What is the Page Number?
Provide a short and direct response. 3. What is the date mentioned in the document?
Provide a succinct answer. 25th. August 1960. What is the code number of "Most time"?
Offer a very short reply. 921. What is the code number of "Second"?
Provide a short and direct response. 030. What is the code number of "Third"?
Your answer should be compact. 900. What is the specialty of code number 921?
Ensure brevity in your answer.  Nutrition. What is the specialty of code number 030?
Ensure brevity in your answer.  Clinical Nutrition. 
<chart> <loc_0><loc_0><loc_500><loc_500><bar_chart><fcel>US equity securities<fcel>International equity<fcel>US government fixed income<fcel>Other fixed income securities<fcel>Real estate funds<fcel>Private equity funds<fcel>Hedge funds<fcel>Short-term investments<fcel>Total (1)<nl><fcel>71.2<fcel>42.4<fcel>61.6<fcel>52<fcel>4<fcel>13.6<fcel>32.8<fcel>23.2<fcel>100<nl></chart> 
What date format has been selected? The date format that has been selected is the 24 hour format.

What you will do – Each record above must be given again exactly as written.

Answer for the task –
What is the Page Number?
Provide a short and direct response. 3. What is the date mentioned in the document?
Provide a succinct answer. 25th. August 1960. What is the code number of "Most time"?
Offer a very short reply. 921. What is the code number of "Second"?
Provide a short and direct response. 030. What is the code number of "Third"?
Your answer should be compact. 900. What is the specialty of code number 921?
Ensure brevity in your answer.  Nutrition. What is the specialty of code number 030?
Ensure brevity in your answer.  Clinical Nutrition. 
<chart> <loc_0><loc_0><loc_500><loc_500><bar_chart><fcel>US equity securities<fcel>International equity<fcel>US government fixed income<fcel>Other fixed income securities<fcel>Real estate funds<fcel>Private equity funds<fcel>Hedge funds<fcel>Short-term investments<fcel>Total (1)<nl><fcel>71.2<fcel>42.4<fcel>61.6<fcel>52<fcel>4<fcel>13.6<fcel>32.8<fcel>23.2<fcel>100<nl></chart> 
What date format has been selected? The date format that has been selected is the 24 hour format.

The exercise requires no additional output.